====== Information supplied ======

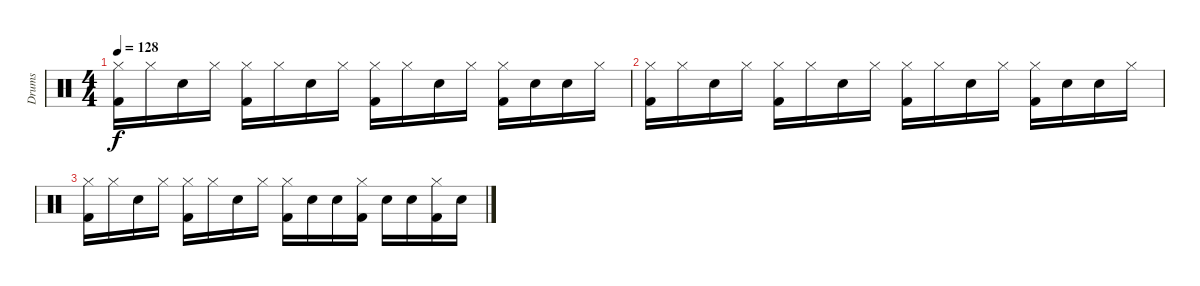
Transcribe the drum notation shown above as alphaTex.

\track ("Drums" "Drums") {instrument percussion}
\staff {score}
\articulation defaults
\ts (4 4)
\tempo 128
\clef neutral
\ks c
("Hi-Hat (closed)" "Kick (hit) 2").16{dy f} "Hi-Hat (closed)".16 "Snare (hit) 2".16 "Hi-Hat (closed)".16 ("Hi-Hat (closed)" "Kick (hit) 2").16 "Hi-Hat (closed)".16 "Snare (hit) 2".16 "Hi-Hat (closed)".16 ("Hi-Hat (closed)" "Kick (hit) 2").16 "Hi-Hat (closed)".16 "Snare (hit) 2".16 "Hi-Hat (closed)".16 ("Hi-Hat (closed)" "Kick (hit) 2").16 "Snare (hit) 2".16 "Snare (hit) 2".16 "Hi-Hat (closed)".16 |
("Hi-Hat (closed)" "Kick (hit) 2").16{volume 0} "Hi-Hat (closed)".16 "Snare (hit) 2".16 "Hi-Hat (closed)".16 ("Hi-Hat (closed)" "Kick (hit) 2").16 "Hi-Hat (closed)".16 "Snare (hit) 2".16 "Hi-Hat (closed)".16 ("Hi-Hat (closed)" "Kick (hit) 2").16 "Hi-Hat (closed)".16 "Snare (hit) 2".16 "Hi-Hat (closed)".16 ("Hi-Hat (closed)" "Kick (hit) 2").16 "Snare (hit) 2".16 "Snare (hit) 2".16 "Hi-Hat (closed)".16 |
("Hi-Hat (closed)" "Kick (hit) 2").16 "Hi-Hat (closed)".16 "Snare (hit) 2".16 "Hi-Hat (closed)".16 ("Hi-Hat (closed)" "Kick (hit) 2").16 "Hi-Hat (closed)".16 "Snare (hit) 2".16 "Hi-Hat (closed)".16 ("Hi-Hat (closed)" "Kick (hit) 2").16 "Snare (hit) 2".16 "Snare (hit) 2".16 ("Hi-Hat (closed)" "Kick (hit) 2").16 "Snare (hit) 2".16 "Snare (hit) 2".16 ("Hi-Hat (closed)" "Kick (hit) 2").16 "Snare (hit) 2".16
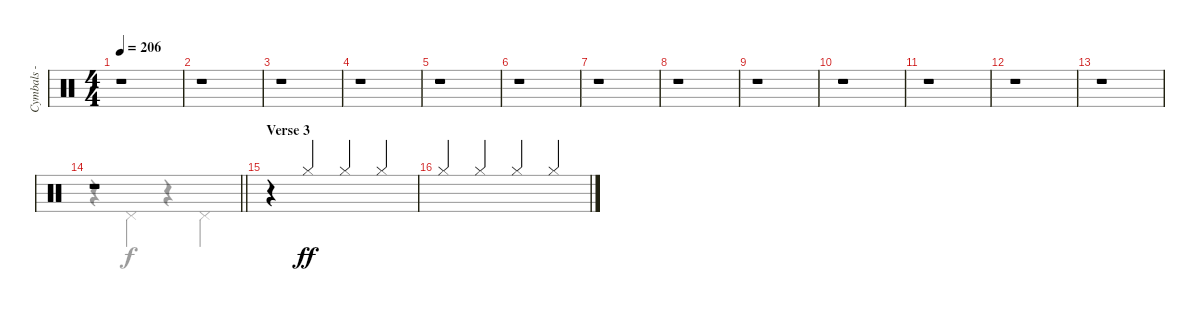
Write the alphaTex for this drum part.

\track ("Cymbals - hi-hat" "Cymbals - ") {instrument percussion}
\staff {score}
\articulation defaults
\voice
\ts (4 4)
\tempo 206
\clef neutral
\ks c
r.1{dy ff} |
r.1 |
r.1 |
r.1 |
r.1 |
r.1 |
r.1 |
r.1 |
r.1 |
r.1 |
r.1 |
r.1 |
r.1 |
\barLineRight lightlight
r.1 |
\section ("" "Verse 3")
r.4 "Hi-Hat (closed)".4{beam Up} "Hi-Hat (closed)".4{beam Up} "Hi-Hat (closed)".4{beam Up} |
"Hi-Hat (closed)".4{beam Up} "Hi-Hat (closed)".4{beam Up} "Hi-Hat (closed)".4{beam Up} "Hi-Hat (closed)".4{beam Up}
\voice
\clef neutral
\ottava regular
\simile none
\ks c
|
|
|
|
|
|
|
|
|
|
|
|
|
\barLineRight lightlight
r.4 "Pedal Hi-Hat (hit)".4{dy f} r.4 "Pedal Hi-Hat (hit)".4 |
|
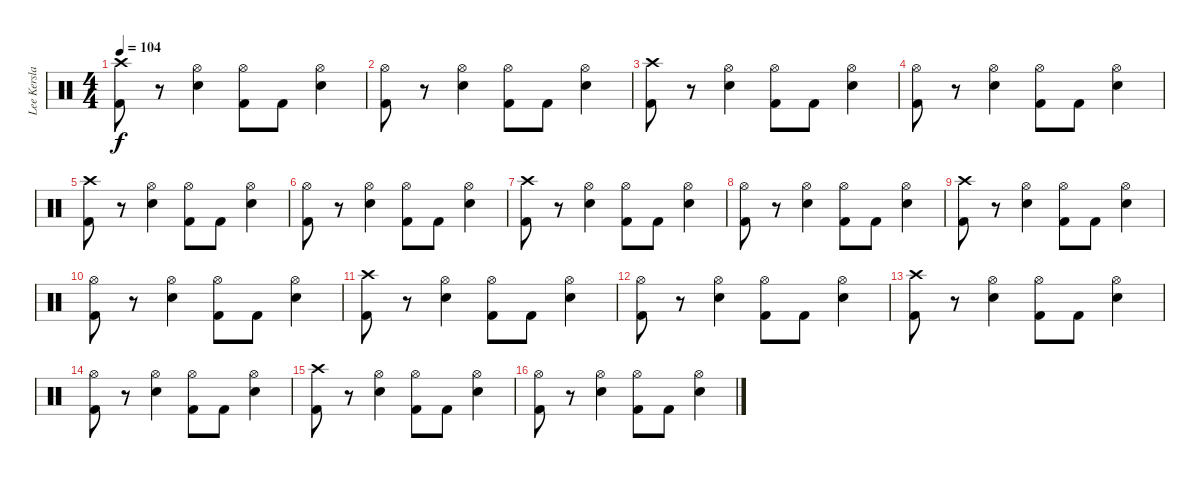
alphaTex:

\track ("Lee Kerslake" "Lee Kersla") {instrument percussion}
\staff {score}
\articulation defaults
\ts (4 4)
\tempo 104
\clef neutral
\ks c
("Crash high (hit)" "Kick (hit) 2").8{dy f} r.8 ("Hi-Hat (open)" "Electric Snare (hit)").4 ("Hi-Hat (open)" "Kick (hit) 2").8 "Kick (hit) 2".8 ("Hi-Hat (open)" "Electric Snare (hit)").4 |
("Hi-Hat (open)" "Kick (hit) 2").8 r.8 ("Hi-Hat (open)" "Electric Snare (hit)").4 ("Hi-Hat (open)" "Kick (hit) 2").8 "Kick (hit) 2".8 ("Hi-Hat (open)" "Electric Snare (hit)").4 |
("Crash high (hit)" "Kick (hit) 2").8 r.8 ("Hi-Hat (open)" "Electric Snare (hit)").4 ("Hi-Hat (open)" "Kick (hit) 2").8 "Kick (hit) 2".8 ("Hi-Hat (open)" "Electric Snare (hit)").4 |
("Hi-Hat (open)" "Kick (hit) 2").8 r.8 ("Hi-Hat (open)" "Electric Snare (hit)").4 ("Hi-Hat (open)" "Kick (hit) 2").8 "Kick (hit) 2".8 ("Hi-Hat (open)" "Electric Snare (hit)").4 |
("Crash high (hit)" "Kick (hit) 2").8 r.8 ("Hi-Hat (open)" "Electric Snare (hit)").4 ("Hi-Hat (open)" "Kick (hit) 2").8 "Kick (hit) 2".8 ("Hi-Hat (open)" "Electric Snare (hit)").4 |
("Hi-Hat (open)" "Kick (hit) 2").8 r.8 ("Hi-Hat (open)" "Electric Snare (hit)").4 ("Hi-Hat (open)" "Kick (hit) 2").8 "Kick (hit) 2".8 ("Hi-Hat (open)" "Electric Snare (hit)").4 |
("Crash high (hit)" "Kick (hit) 2").8 r.8 ("Hi-Hat (open)" "Electric Snare (hit)").4 ("Hi-Hat (open)" "Kick (hit) 2").8 "Kick (hit) 2".8 ("Hi-Hat (open)" "Electric Snare (hit)").4 |
("Hi-Hat (open)" "Kick (hit) 2").8 r.8 ("Hi-Hat (open)" "Electric Snare (hit)").4 ("Hi-Hat (open)" "Kick (hit) 2").8 "Kick (hit) 2".8 ("Hi-Hat (open)" "Electric Snare (hit)").4 |
("Crash high (hit)" "Kick (hit) 2").8 r.8 ("Hi-Hat (open)" "Electric Snare (hit)").4 ("Hi-Hat (open)" "Kick (hit) 2").8 "Kick (hit) 2".8 ("Hi-Hat (open)" "Electric Snare (hit)").4 |
("Hi-Hat (open)" "Kick (hit) 2").8 r.8 ("Hi-Hat (open)" "Electric Snare (hit)").4 ("Hi-Hat (open)" "Kick (hit) 2").8 "Kick (hit) 2".8 ("Hi-Hat (open)" "Electric Snare (hit)").4 |
("Crash high (hit)" "Kick (hit) 2").8 r.8 ("Hi-Hat (open)" "Electric Snare (hit)").4 ("Hi-Hat (open)" "Kick (hit) 2").8 "Kick (hit) 2".8 ("Hi-Hat (open)" "Electric Snare (hit)").4 |
("Hi-Hat (open)" "Kick (hit) 2").8 r.8 ("Hi-Hat (open)" "Electric Snare (hit)").4 ("Hi-Hat (open)" "Kick (hit) 2").8 "Kick (hit) 2".8 ("Hi-Hat (open)" "Electric Snare (hit)").4 |
("Crash high (hit)" "Kick (hit) 2").8 r.8 ("Hi-Hat (open)" "Electric Snare (hit)").4 ("Hi-Hat (open)" "Kick (hit) 2").8 "Kick (hit) 2".8 ("Hi-Hat (open)" "Electric Snare (hit)").4 |
("Hi-Hat (open)" "Kick (hit) 2").8 r.8 ("Hi-Hat (open)" "Electric Snare (hit)").4 ("Hi-Hat (open)" "Kick (hit) 2").8 "Kick (hit) 2".8 ("Hi-Hat (open)" "Electric Snare (hit)").4 |
("Crash high (hit)" "Kick (hit) 2").8 r.8 ("Hi-Hat (open)" "Electric Snare (hit)").4 ("Hi-Hat (open)" "Kick (hit) 2").8 "Kick (hit) 2".8 ("Hi-Hat (open)" "Electric Snare (hit)").4 |
("Hi-Hat (open)" "Kick (hit) 2").8 r.8 ("Hi-Hat (open)" "Electric Snare (hit)").4 ("Hi-Hat (open)" "Kick (hit) 2").8 "Kick (hit) 2".8 ("Hi-Hat (open)" "Electric Snare (hit)").4
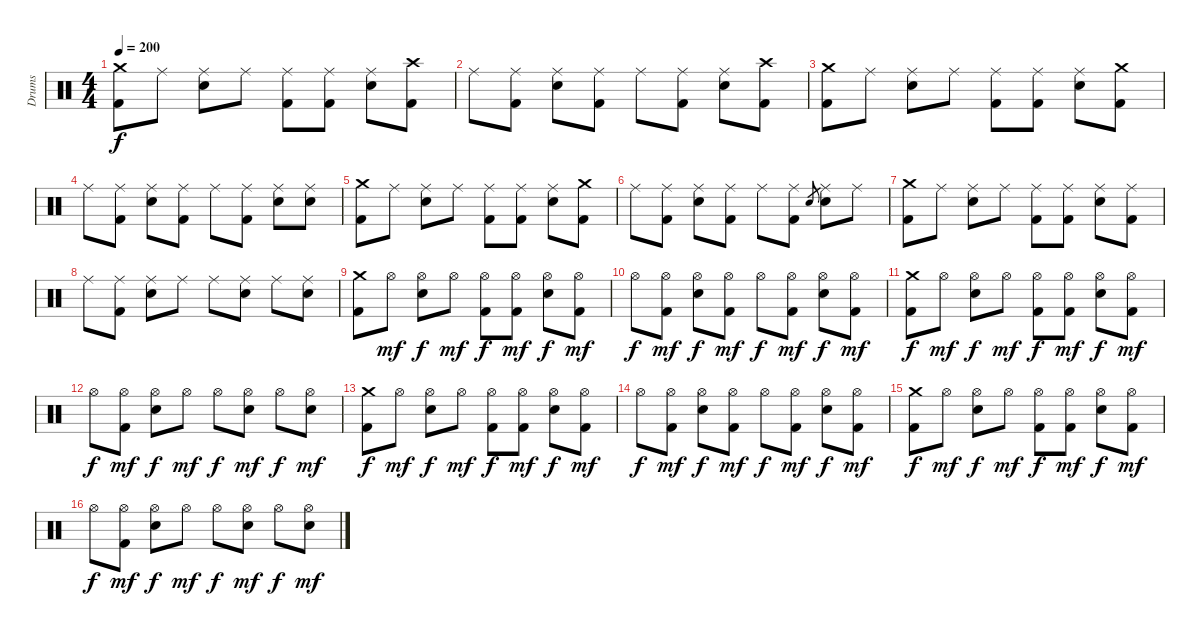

======

§ **Problem requirements**: Repeat the material exactly. Any picture in it should be dropped.

§ **Output of the task**:
Transcribe the drum notation shown above as alphaTex.

\track ("Drums" "Drums") {instrument percussion}
\staff {score}
\articulation defaults
\ts (4 4)
\tempo 128
\clef neutral
\ks c
("Hi-Hat (closed)" "Kick (hit) 2").16{dy f} "Hi-Hat (closed)".16 "Snare (hit) 2".16 "Hi-Hat (closed)".16 ("Hi-Hat (closed)" "Kick (hit) 2").16 "Hi-Hat (closed)".16 "Snare (hit) 2".16 "Hi-Hat (closed)".16 ("Hi-Hat (closed)" "Kick (hit) 2").16 "Hi-Hat (closed)".16 "Snare (hit) 2".16 "Hi-Hat (closed)".16 ("Hi-Hat (closed)" "Kick (hit) 2").16 "Snare (hit) 2".16 "Snare (hit) 2".16 "Hi-Hat (closed)".16 |
("Hi-Hat (closed)" "Kick (hit) 2").16{volume 0} "Hi-Hat (closed)".16 "Snare (hit) 2".16 "Hi-Hat (closed)".16 ("Hi-Hat (closed)" "Kick (hit) 2").16 "Hi-Hat (closed)".16 "Snare (hit) 2".16 "Hi-Hat (closed)".16 ("Hi-Hat (closed)" "Kick (hit) 2").16 "Hi-Hat (closed)".16 "Snare (hit) 2".16 "Hi-Hat (closed)".16 ("Hi-Hat (closed)" "Kick (hit) 2").16 "Snare (hit) 2".16 "Snare (hit) 2".16 "Hi-Hat (closed)".16 |
("Hi-Hat (closed)" "Kick (hit) 2").16 "Hi-Hat (closed)".16 "Snare (hit) 2".16 "Hi-Hat (closed)".16 ("Hi-Hat (closed)" "Kick (hit) 2").16 "Hi-Hat (closed)".16 "Snare (hit) 2".16 "Hi-Hat (closed)".16 ("Hi-Hat (closed)" "Kick (hit) 2").16 "Snare (hit) 2".16 "Snare (hit) 2".16 ("Hi-Hat (closed)" "Kick (hit) 2").16 "Snare (hit) 2".16 "Snare (hit) 2".16 ("Hi-Hat (closed)" "Kick (hit) 2").16 "Snare (hit) 2".16
Write the alphaTex for this drum part.

\track ("Cymbals - hi-hat" "Cymbals - ") {instrument percussion}
\staff {score}
\articulation defaults
\voice
\ts (4 4)
\tempo 206
\clef neutral
\ks c
r.1{dy ff} |
r.1 |
r.1 |
r.1 |
r.1 |
r.1 |
r.1 |
r.1 |
r.1 |
r.1 |
r.1 |
r.1 |
r.1 |
\barLineRight lightlight
r.1 |
\section ("" "Verse 3")
r.4 "Hi-Hat (closed)".4{beam Up} "Hi-Hat (closed)".4{beam Up} "Hi-Hat (closed)".4{beam Up} |
"Hi-Hat (closed)".4{beam Up} "Hi-Hat (closed)".4{beam Up} "Hi-Hat (closed)".4{beam Up} "Hi-Hat (closed)".4{beam Up}
\voice
\clef neutral
\ottava regular
\simile none
\ks c
|
|
|
|
|
|
|
|
|
|
|
|
|
\barLineRight lightlight
r.4 "Pedal Hi-Hat (hit)".4{dy f} r.4 "Pedal Hi-Hat (hit)".4 |
|
alphaTex:

\track ("Lee Kerslake" "Lee Kersla") {instrument percussion}
\staff {score}
\articulation defaults
\ts (4 4)
\tempo 104
\clef neutral
\ks c
("Crash high (hit)" "Kick (hit) 2").8{dy f} r.8 ("Hi-Hat (open)" "Electric Snare (hit)").4 ("Hi-Hat (open)" "Kick (hit) 2").8 "Kick (hit) 2".8 ("Hi-Hat (open)" "Electric Snare (hit)").4 |
("Hi-Hat (open)" "Kick (hit) 2").8 r.8 ("Hi-Hat (open)" "Electric Snare (hit)").4 ("Hi-Hat (open)" "Kick (hit) 2").8 "Kick (hit) 2".8 ("Hi-Hat (open)" "Electric Snare (hit)").4 |
("Crash high (hit)" "Kick (hit) 2").8 r.8 ("Hi-Hat (open)" "Electric Snare (hit)").4 ("Hi-Hat (open)" "Kick (hit) 2").8 "Kick (hit) 2".8 ("Hi-Hat (open)" "Electric Snare (hit)").4 |
("Hi-Hat (open)" "Kick (hit) 2").8 r.8 ("Hi-Hat (open)" "Electric Snare (hit)").4 ("Hi-Hat (open)" "Kick (hit) 2").8 "Kick (hit) 2".8 ("Hi-Hat (open)" "Electric Snare (hit)").4 |
("Crash high (hit)" "Kick (hit) 2").8 r.8 ("Hi-Hat (open)" "Electric Snare (hit)").4 ("Hi-Hat (open)" "Kick (hit) 2").8 "Kick (hit) 2".8 ("Hi-Hat (open)" "Electric Snare (hit)").4 |
("Hi-Hat (open)" "Kick (hit) 2").8 r.8 ("Hi-Hat (open)" "Electric Snare (hit)").4 ("Hi-Hat (open)" "Kick (hit) 2").8 "Kick (hit) 2".8 ("Hi-Hat (open)" "Electric Snare (hit)").4 |
("Crash high (hit)" "Kick (hit) 2").8 r.8 ("Hi-Hat (open)" "Electric Snare (hit)").4 ("Hi-Hat (open)" "Kick (hit) 2").8 "Kick (hit) 2".8 ("Hi-Hat (open)" "Electric Snare (hit)").4 |
("Hi-Hat (open)" "Kick (hit) 2").8 r.8 ("Hi-Hat (open)" "Electric Snare (hit)").4 ("Hi-Hat (open)" "Kick (hit) 2").8 "Kick (hit) 2".8 ("Hi-Hat (open)" "Electric Snare (hit)").4 |
("Crash high (hit)" "Kick (hit) 2").8 r.8 ("Hi-Hat (open)" "Electric Snare (hit)").4 ("Hi-Hat (open)" "Kick (hit) 2").8 "Kick (hit) 2".8 ("Hi-Hat (open)" "Electric Snare (hit)").4 |
("Hi-Hat (open)" "Kick (hit) 2").8 r.8 ("Hi-Hat (open)" "Electric Snare (hit)").4 ("Hi-Hat (open)" "Kick (hit) 2").8 "Kick (hit) 2".8 ("Hi-Hat (open)" "Electric Snare (hit)").4 |
("Crash high (hit)" "Kick (hit) 2").8 r.8 ("Hi-Hat (open)" "Electric Snare (hit)").4 ("Hi-Hat (open)" "Kick (hit) 2").8 "Kick (hit) 2".8 ("Hi-Hat (open)" "Electric Snare (hit)").4 |
("Hi-Hat (open)" "Kick (hit) 2").8 r.8 ("Hi-Hat (open)" "Electric Snare (hit)").4 ("Hi-Hat (open)" "Kick (hit) 2").8 "Kick (hit) 2".8 ("Hi-Hat (open)" "Electric Snare (hit)").4 |
("Crash high (hit)" "Kick (hit) 2").8 r.8 ("Hi-Hat (open)" "Electric Snare (hit)").4 ("Hi-Hat (open)" "Kick (hit) 2").8 "Kick (hit) 2".8 ("Hi-Hat (open)" "Electric Snare (hit)").4 |
("Hi-Hat (open)" "Kick (hit) 2").8 r.8 ("Hi-Hat (open)" "Electric Snare (hit)").4 ("Hi-Hat (open)" "Kick (hit) 2").8 "Kick (hit) 2".8 ("Hi-Hat (open)" "Electric Snare (hit)").4 |
("Crash high (hit)" "Kick (hit) 2").8 r.8 ("Hi-Hat (open)" "Electric Snare (hit)").4 ("Hi-Hat (open)" "Kick (hit) 2").8 "Kick (hit) 2".8 ("Hi-Hat (open)" "Electric Snare (hit)").4 |
("Hi-Hat (open)" "Kick (hit) 2").8 r.8 ("Hi-Hat (open)" "Electric Snare (hit)").4 ("Hi-Hat (open)" "Kick (hit) 2").8 "Kick (hit) 2".8 ("Hi-Hat (open)" "Electric Snare (hit)").4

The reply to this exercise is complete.